This commitment will support Trafigura’s efforts to develop the market for low-carbon fuels including low-carbon premium gasoline. The Agreement will also enable Trafigura to supply SAF to both US and international customers whose interest is growing in low-carbon jet fuel.

“This is our largest single contract to date, and with it, brings Gevo to over $1.5B of revenue in long term contracts when added to the other contracts we have in place. As drop-in fuels, Gevo’s renewable, very high-octane gasoline and SAF are a perfect fit with Trafigura’s existing fuels business and will allow them to integrate these low-carbon options seamlessly into their supply chains. We expect that our low-carbon fuels will enable certain of Trafigura’s customers to substantially lower their carbon footprint,” said Patrick Gruber, Chief Executive Officer of Gevo.

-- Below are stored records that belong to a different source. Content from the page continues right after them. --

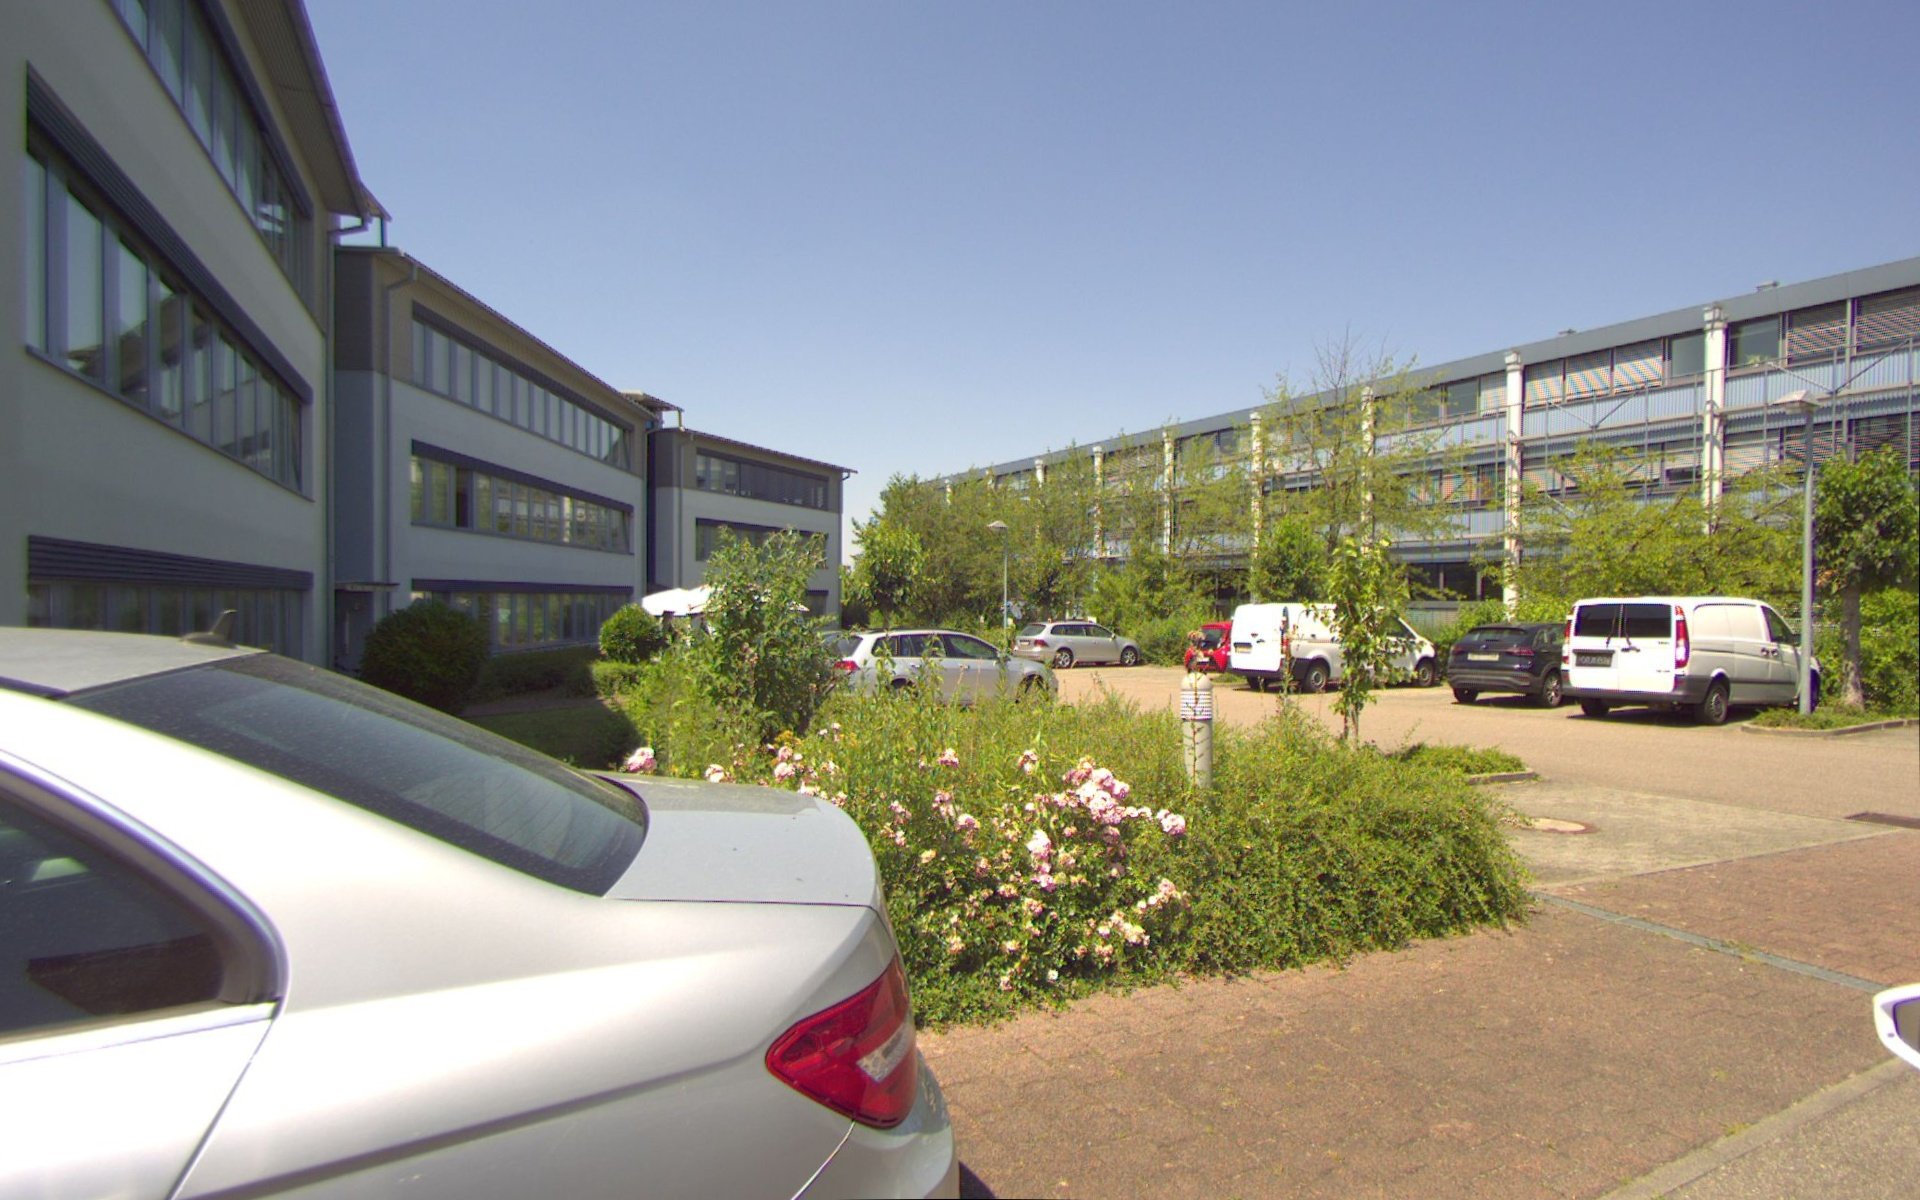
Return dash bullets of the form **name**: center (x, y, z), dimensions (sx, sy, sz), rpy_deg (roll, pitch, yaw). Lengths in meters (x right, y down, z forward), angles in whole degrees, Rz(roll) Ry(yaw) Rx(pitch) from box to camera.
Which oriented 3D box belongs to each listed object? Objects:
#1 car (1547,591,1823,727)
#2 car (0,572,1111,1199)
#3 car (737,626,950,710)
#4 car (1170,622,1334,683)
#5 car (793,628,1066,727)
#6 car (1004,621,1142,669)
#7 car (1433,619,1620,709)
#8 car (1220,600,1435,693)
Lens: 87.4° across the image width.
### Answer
- **car**: center (11.841, 0.862, 16.330), dimensions (4.751, 1.930, 1.904), rpy_deg (0, -1, -31)
- **car**: center (-1.987, 0.714, 1.303), dimensions (4.093, 1.476, 1.723), rpy_deg (1, -1, -26)
- **car**: center (-2.407, 1.328, 20.762), dimensions (3.947, 1.481, 1.987), rpy_deg (-1, -1, -26)
- **car**: center (7.576, 1.312, 26.035), dimensions (3.948, 1.460, 1.776), rpy_deg (1, -1, -27)
- **car**: center (-0.496, 1.251, 17.466), dimensions (4.430, 1.492, 1.849), rpy_deg (1, -1, -30)
- **car**: center (3.662, 1.427, 32.572), dimensions (4.115, 1.425, 1.861), rpy_deg (0, -1, -27)
- **car**: center (10.780, 1.127, 19.021), dimensions (3.965, 1.496, 1.741), rpy_deg (0, -1, -39)
- **car**: center (8.305, 0.967, 22.604), dimensions (4.742, 1.916, 1.874), rpy_deg (0, 0, -28)

“Today’s agreement is a natural fit between our companies that will help drive the expansion of our renewable fuels product offering. We look forward to continuing to make a positive impact on the transition towards a low carbon economy,” said Robert Kreider, Head of the Strategic Management and Development Group, North America for Trafigura.

Having produced SAF and other hydrocarbons for nearly a decade, Gevo has a unique business system as it integrates sustainable agriculture and biorefining to produce SAF and low-carbon premium gasoline. For every gallon of low-carbon premium gasoline or SAF produced, Gevo produces about ten pounds of protein for the food chain, delivering substantially all of the nutritional value of corn to the food chain. The farmers who supply Gevo on average are capturing carbon, building up their soil with regenerative agriculture techniques. Utilizing a low-carbon ecosystem is vital to Gevo. Gevo began to use ISCC+ and Roundtable on Sustainable Biomaterials (RSB) certified corn for its Luverne, Minnesota facility while displacing fossil-derived power and heat with wind turbines and the upcoming implementation of biogas from dairy manure generated nearby. The execution of this circularity is unique and Gevos’ SAF is expected to have greenhouse gas profile reduction of 70% compared to the fossil-based jet fuel alternative. Eventually, it may be possible through soil carbon sequestration to completely decarbonize jet fuel through the use of Gevo’s SAF.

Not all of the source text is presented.